Vintage decor is having a big moment in interior design, as folks seek more unique pieces. One retro trend that deserves a comeback is atomic decor. This design embodied the optimism and innovation of ...
You need atomic<bool> to avoid race-conditions. A race-condition occurs if two threads access the same memory location, and at least one of them is a write operation. If your program contains race-conditions, the behavior is undefined. There are two atomic CAS operations in C++11: atomic_compare_exchange_weak and atomic_compare_exchange_strong.

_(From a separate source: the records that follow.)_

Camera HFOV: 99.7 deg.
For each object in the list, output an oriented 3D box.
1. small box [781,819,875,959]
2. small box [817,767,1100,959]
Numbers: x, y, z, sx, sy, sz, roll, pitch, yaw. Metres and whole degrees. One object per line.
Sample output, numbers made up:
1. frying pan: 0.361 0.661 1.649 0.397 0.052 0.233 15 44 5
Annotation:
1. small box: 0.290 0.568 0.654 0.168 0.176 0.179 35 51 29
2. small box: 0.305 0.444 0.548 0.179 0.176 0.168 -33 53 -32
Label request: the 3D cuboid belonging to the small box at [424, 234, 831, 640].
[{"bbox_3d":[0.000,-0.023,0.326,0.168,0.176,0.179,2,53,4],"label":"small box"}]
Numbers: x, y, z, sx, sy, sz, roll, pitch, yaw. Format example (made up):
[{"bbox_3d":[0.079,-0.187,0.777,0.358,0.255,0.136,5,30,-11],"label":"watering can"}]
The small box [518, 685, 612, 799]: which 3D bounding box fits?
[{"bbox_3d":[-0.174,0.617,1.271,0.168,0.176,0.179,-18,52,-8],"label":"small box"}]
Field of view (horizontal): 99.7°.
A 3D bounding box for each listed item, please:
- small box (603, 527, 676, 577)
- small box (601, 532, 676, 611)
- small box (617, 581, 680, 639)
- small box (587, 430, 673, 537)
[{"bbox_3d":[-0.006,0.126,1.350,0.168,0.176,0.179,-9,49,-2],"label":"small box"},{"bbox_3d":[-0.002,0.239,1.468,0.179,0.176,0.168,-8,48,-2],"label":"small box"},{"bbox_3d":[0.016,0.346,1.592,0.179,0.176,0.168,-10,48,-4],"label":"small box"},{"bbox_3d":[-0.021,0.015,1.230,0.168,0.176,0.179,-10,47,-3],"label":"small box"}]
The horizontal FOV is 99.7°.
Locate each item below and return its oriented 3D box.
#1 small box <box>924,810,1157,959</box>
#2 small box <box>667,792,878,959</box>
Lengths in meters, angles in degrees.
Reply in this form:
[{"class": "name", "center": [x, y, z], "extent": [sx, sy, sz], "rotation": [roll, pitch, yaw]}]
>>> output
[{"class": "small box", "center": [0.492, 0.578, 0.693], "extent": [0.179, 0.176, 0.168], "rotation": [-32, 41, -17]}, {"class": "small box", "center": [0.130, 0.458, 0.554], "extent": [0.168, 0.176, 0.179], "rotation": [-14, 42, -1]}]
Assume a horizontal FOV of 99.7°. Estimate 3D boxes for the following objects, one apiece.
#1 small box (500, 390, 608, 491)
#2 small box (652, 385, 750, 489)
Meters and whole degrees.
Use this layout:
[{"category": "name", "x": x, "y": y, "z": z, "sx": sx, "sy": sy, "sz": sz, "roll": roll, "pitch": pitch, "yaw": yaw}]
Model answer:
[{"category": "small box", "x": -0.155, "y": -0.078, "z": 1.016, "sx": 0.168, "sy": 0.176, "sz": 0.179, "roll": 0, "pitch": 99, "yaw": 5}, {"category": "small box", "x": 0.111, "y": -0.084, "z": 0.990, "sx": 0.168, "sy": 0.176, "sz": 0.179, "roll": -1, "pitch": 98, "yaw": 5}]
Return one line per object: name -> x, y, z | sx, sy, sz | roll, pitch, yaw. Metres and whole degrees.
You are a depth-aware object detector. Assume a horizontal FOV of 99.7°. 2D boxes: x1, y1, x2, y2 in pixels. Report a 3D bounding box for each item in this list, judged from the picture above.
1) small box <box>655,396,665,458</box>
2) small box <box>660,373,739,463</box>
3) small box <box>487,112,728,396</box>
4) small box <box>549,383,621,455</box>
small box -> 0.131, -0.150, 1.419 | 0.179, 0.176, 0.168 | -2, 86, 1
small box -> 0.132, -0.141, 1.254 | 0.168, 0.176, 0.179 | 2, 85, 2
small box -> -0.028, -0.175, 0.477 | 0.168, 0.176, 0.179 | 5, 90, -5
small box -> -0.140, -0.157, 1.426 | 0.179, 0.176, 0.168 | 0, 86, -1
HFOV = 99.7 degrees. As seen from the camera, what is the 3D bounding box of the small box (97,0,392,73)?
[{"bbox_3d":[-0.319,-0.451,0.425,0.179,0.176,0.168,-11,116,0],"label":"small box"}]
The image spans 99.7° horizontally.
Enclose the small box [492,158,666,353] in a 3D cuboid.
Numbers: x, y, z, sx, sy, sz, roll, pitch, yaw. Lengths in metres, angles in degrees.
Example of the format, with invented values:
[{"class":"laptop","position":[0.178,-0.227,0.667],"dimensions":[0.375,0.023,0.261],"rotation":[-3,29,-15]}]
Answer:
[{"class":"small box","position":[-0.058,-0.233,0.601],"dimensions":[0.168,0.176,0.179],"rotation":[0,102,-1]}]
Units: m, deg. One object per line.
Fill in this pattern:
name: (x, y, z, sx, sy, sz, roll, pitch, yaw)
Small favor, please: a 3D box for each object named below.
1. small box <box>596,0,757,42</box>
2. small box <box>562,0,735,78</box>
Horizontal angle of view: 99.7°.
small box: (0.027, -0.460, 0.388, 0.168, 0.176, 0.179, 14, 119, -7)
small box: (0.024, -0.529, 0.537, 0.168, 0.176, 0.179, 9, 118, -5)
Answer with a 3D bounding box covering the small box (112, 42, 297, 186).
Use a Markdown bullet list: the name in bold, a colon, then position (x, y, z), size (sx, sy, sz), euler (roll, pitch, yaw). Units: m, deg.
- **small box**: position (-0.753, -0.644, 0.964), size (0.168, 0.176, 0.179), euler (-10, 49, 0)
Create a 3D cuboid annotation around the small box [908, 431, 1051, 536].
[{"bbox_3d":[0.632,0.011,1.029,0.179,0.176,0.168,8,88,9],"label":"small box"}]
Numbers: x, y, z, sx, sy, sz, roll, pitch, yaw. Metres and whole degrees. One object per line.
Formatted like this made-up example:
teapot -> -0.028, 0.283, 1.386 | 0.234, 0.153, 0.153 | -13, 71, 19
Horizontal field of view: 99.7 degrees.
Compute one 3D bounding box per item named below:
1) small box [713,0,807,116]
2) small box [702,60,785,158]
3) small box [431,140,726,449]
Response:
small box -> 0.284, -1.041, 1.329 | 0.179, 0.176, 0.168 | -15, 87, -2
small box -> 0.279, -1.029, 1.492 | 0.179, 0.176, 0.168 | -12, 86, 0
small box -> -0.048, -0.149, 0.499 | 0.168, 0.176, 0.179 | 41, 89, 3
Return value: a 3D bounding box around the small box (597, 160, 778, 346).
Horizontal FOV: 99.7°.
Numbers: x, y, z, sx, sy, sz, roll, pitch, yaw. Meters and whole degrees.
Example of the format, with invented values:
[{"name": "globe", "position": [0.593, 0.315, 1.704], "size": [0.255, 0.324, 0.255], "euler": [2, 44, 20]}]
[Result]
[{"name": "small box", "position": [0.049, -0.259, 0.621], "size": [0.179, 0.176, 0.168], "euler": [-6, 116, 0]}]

Atomic Era Decor, According to cppreference: The weak forms of the functions are allowed to fail spurio... In addition (and more importantly), note that std::atomic must support all operations for all possible data types, so even if you declare a ten million byte struct, you can use compare_exchange on this. AOL: The Retro Decor Trend That Deserves A Major Comeback (It's Much More Valuable Now) The Retro Decor Trend That Deserves A Major Comeback (It's Much More Valuable Now) Objects of atomic types are the only C++ objects that are free from data races; that is, if one thread writes to an atomic object while another thread reads from it, the behavior is well-defined. In addition, accesses to atomic objects may establish inter-thread synchronization and order non-atomic memory accesses as specified by std::memory_order. I had a 25-hr debugging marathon in < 2 days and then wrote this answer here.
Atomic Era Decor, See also the bottom of this question for more info. and documentation on 8-bit variables having naturally atomic writes and naturally atomic reads for AVR 8-bit microcontrollers when compiled with the gcc compiler which uses the AVR-libc library.